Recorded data
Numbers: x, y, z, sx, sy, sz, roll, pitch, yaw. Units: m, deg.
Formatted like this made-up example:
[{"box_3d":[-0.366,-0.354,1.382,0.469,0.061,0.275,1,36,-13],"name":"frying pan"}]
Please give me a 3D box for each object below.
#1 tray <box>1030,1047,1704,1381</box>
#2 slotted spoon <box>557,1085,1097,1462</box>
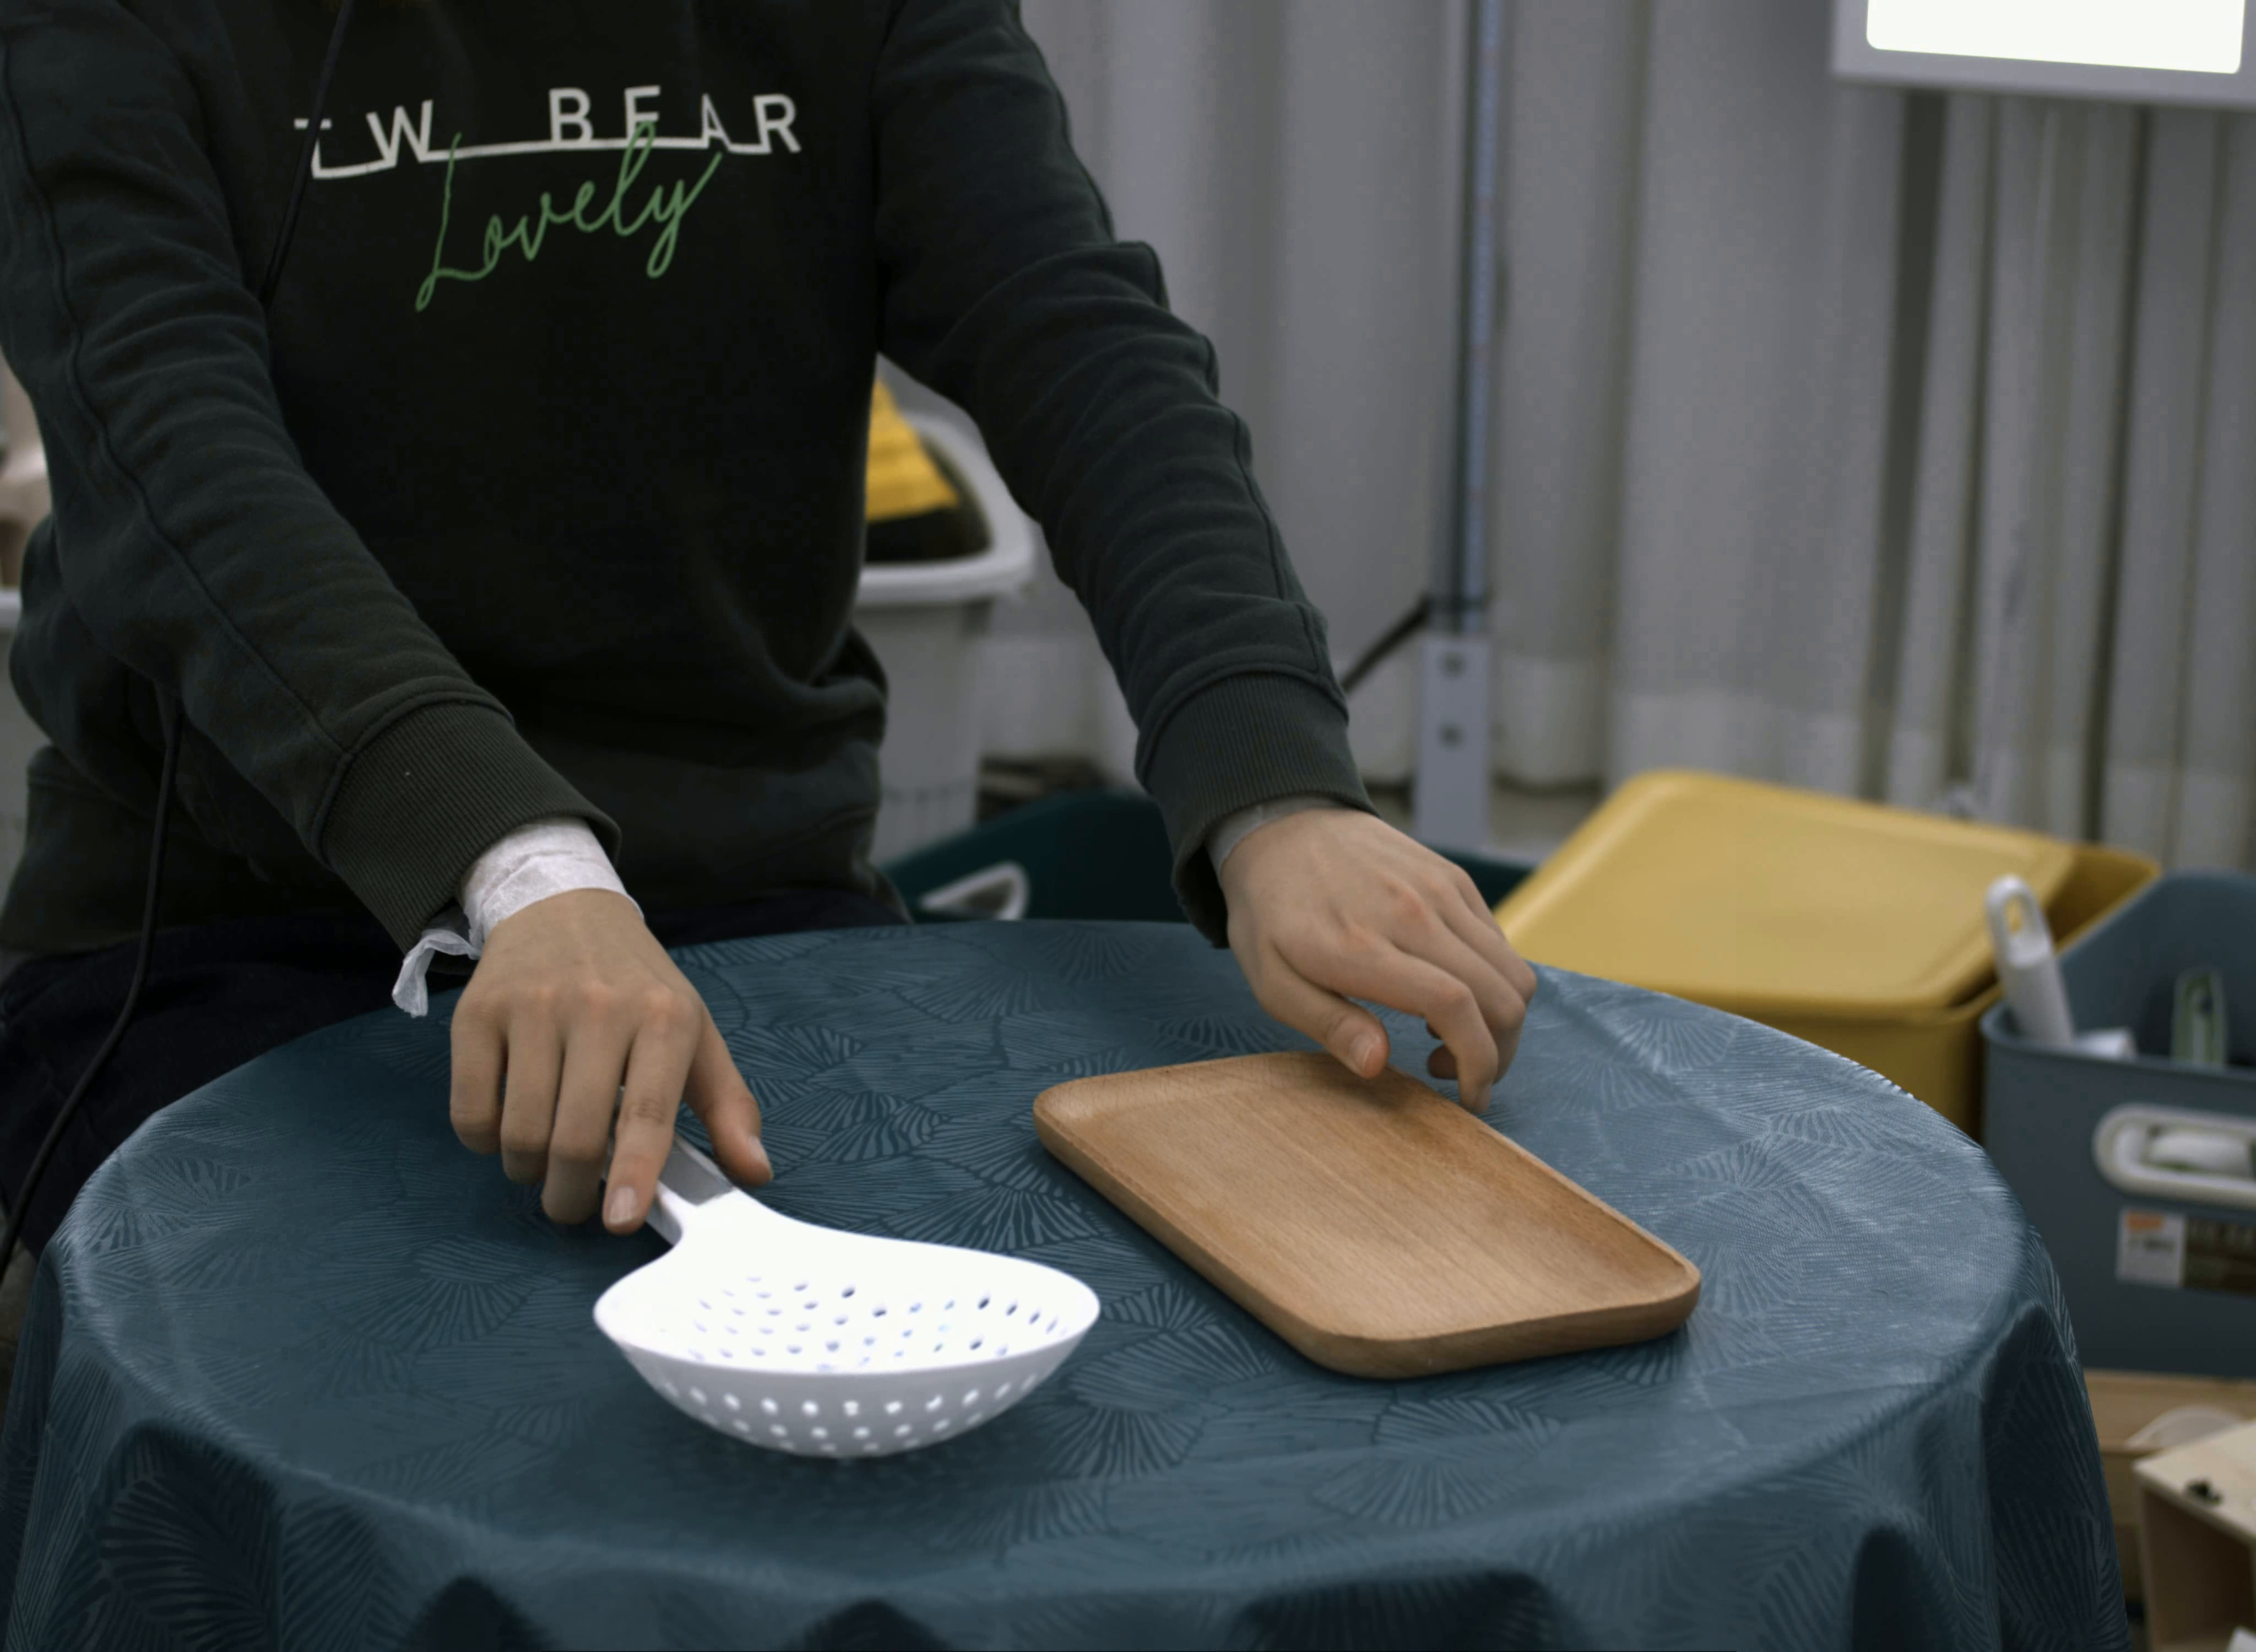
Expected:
[{"box_3d":[0.067,0.114,1.593,0.131,0.023,0.248,-4,15,-23],"name":"tray"},{"box_3d":[-0.113,0.119,1.515,0.136,0.046,0.346,-2,15,-20],"name":"slotted spoon"}]
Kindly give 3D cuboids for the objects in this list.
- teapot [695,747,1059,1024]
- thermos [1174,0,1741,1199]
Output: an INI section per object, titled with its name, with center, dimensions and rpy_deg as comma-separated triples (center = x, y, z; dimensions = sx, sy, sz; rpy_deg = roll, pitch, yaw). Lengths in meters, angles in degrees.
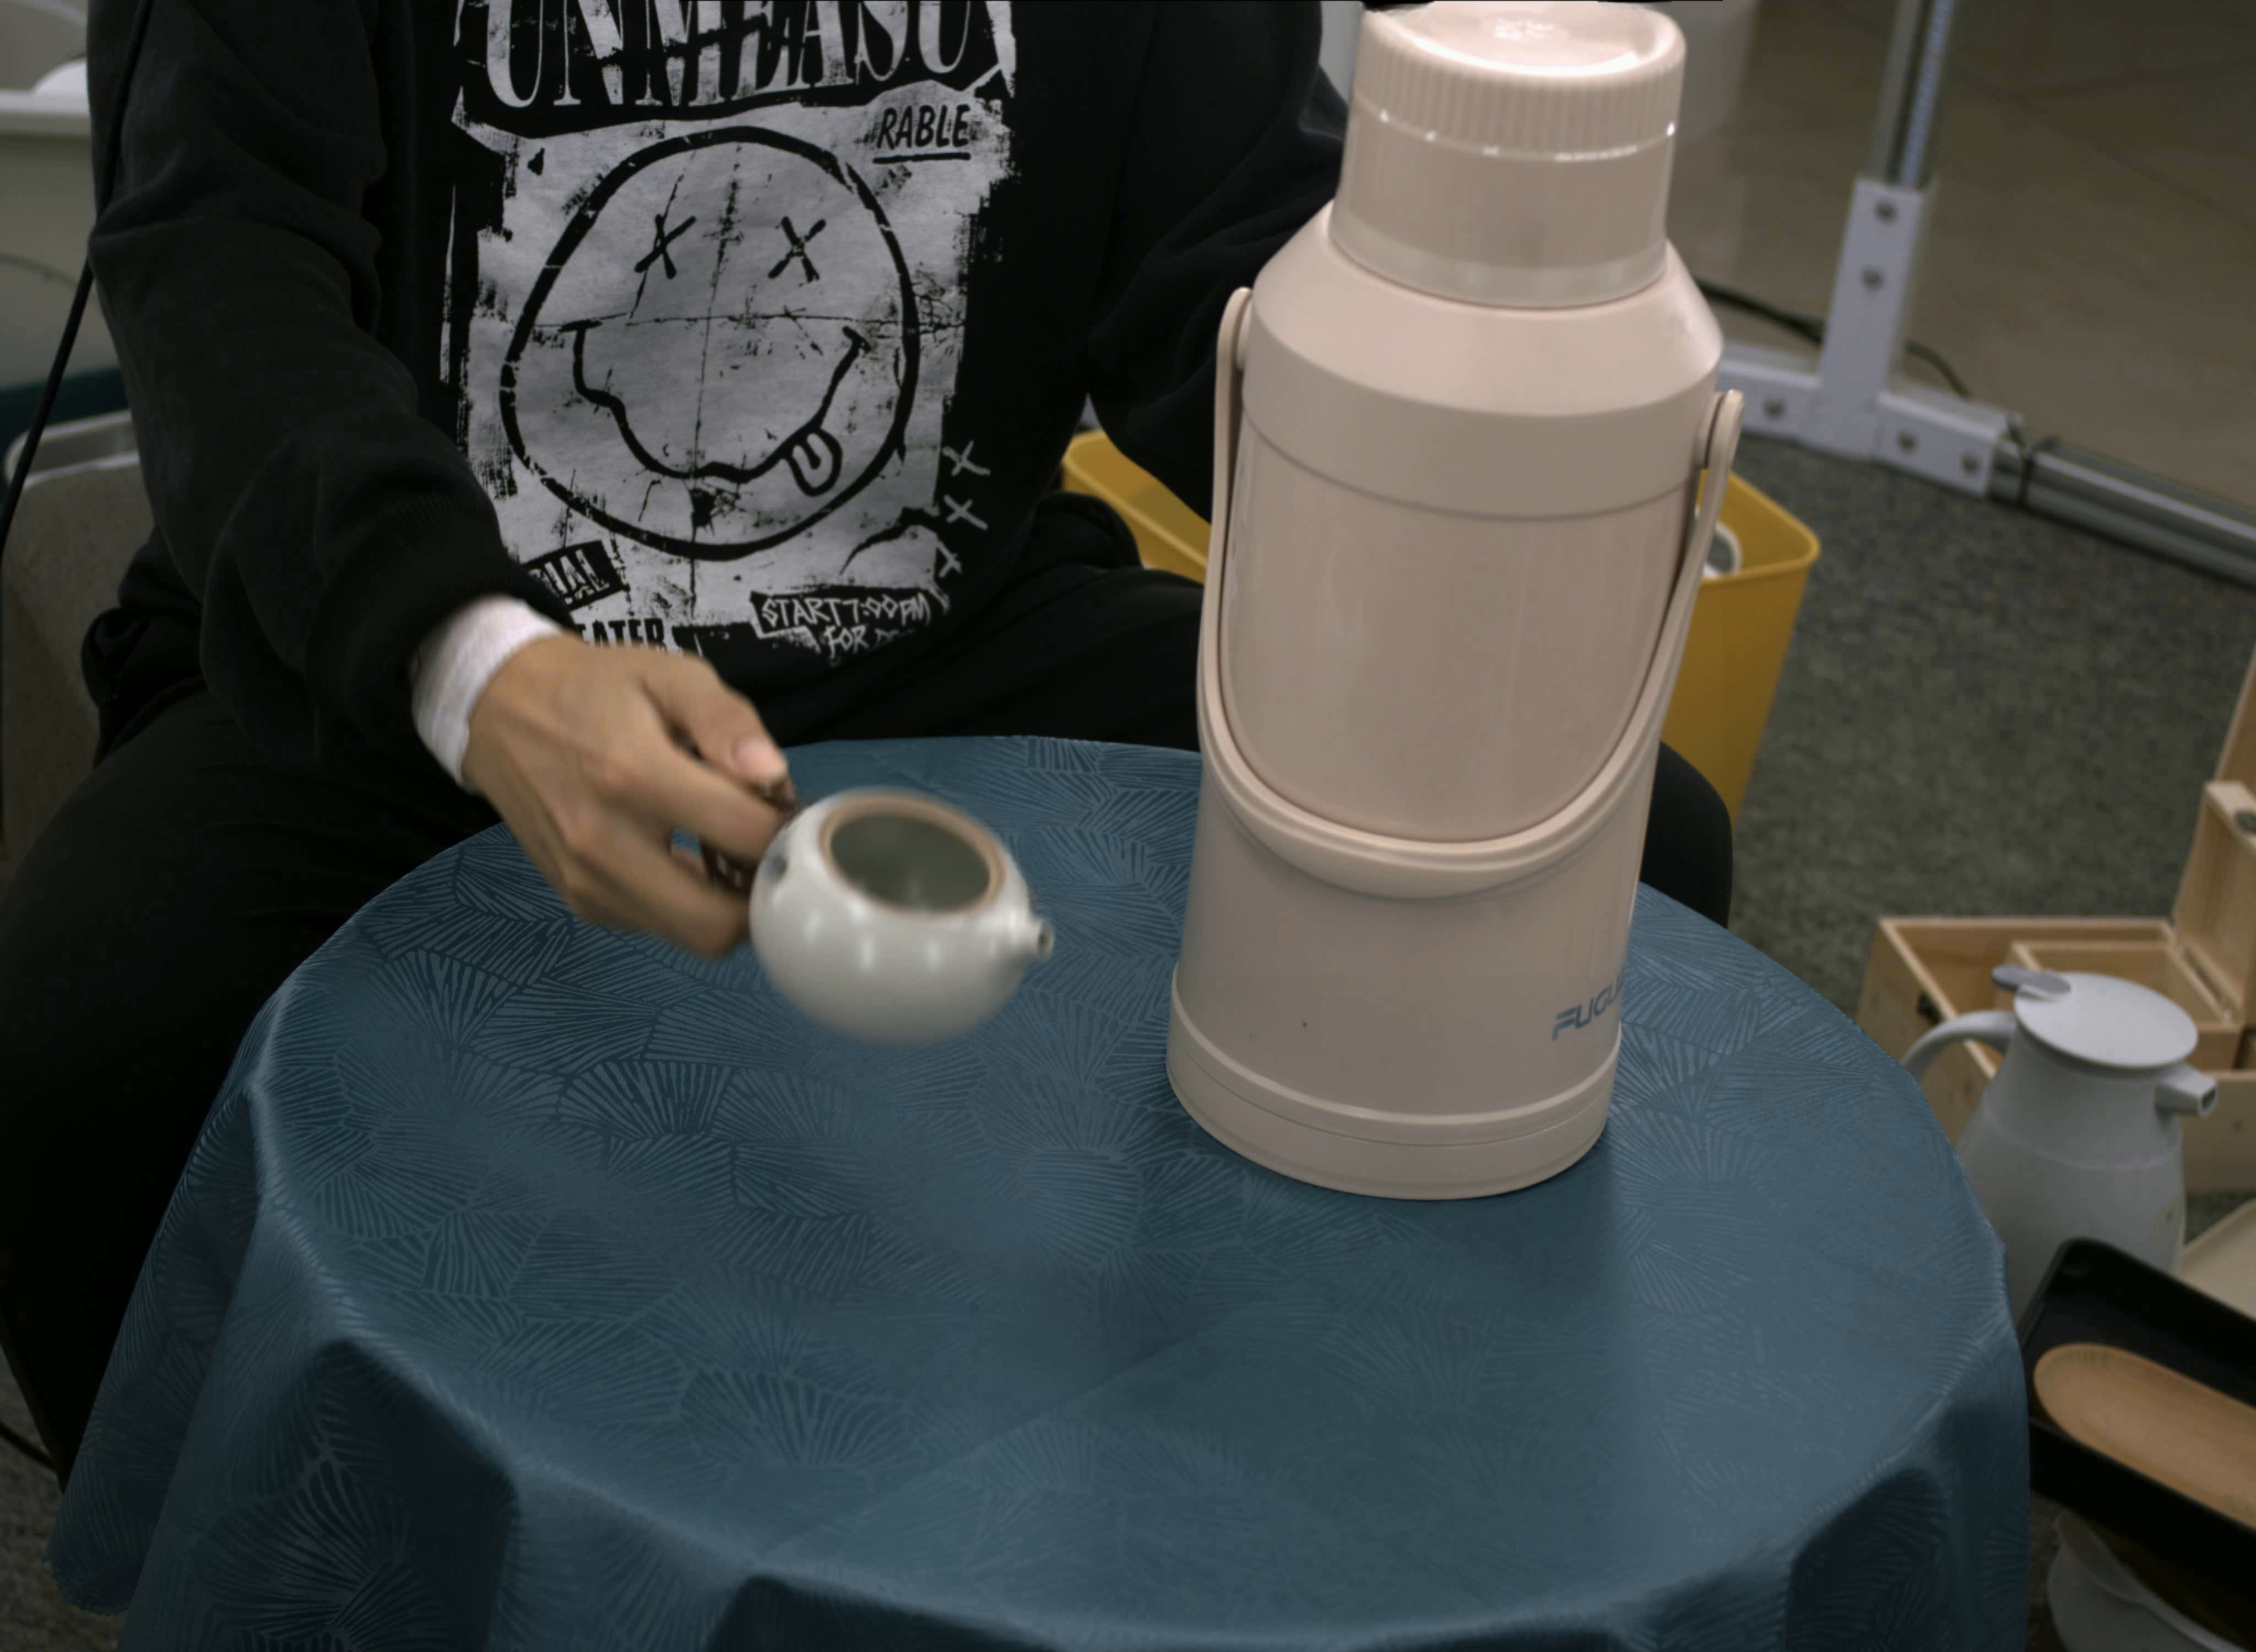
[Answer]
[teapot]
center = -0.083, 0.018, 1.701
dimensions = 0.128, 0.059, 0.092
rpy_deg = 28, 39, 13
[thermos]
center = 0.115, -0.089, 1.808
dimensions = 0.175, 0.405, 0.207
rpy_deg = 11, 29, 13

Problem statement » All lines above must be repeated exactly, and the pictures must be omitted.

Task result »
Numbers: x, y, z, sx, sy, sz, roll, pitch, yaw. Units: m, deg.
Formatted like this made-up example:
[{"box_3d":[-0.366,-0.354,1.382,0.469,0.061,0.275,1,36,-13],"name":"frying pan"}]
Please give me a 3D box for each object below.
#1 tray <box>1030,1047,1704,1381</box>
#2 slotted spoon <box>557,1085,1097,1462</box>
Expected:
[{"box_3d":[0.067,0.114,1.593,0.131,0.023,0.248,-4,15,-23],"name":"tray"},{"box_3d":[-0.113,0.119,1.515,0.136,0.046,0.346,-2,15,-20],"name":"slotted spoon"}]
Kindly give 3D cuboids for the objects in this list.
- teapot [695,747,1059,1024]
- thermos [1174,0,1741,1199]
Output: an INI section per object, titled with its name, with center, dimensions and rpy_deg as comma-separated triples (center = x, y, z; dimensions = sx, sy, sz; rpy_deg = roll, pitch, yaw). Lengths in meters, angles in degrees.
[Answer]
[teapot]
center = -0.083, 0.018, 1.701
dimensions = 0.128, 0.059, 0.092
rpy_deg = 28, 39, 13
[thermos]
center = 0.115, -0.089, 1.808
dimensions = 0.175, 0.405, 0.207
rpy_deg = 11, 29, 13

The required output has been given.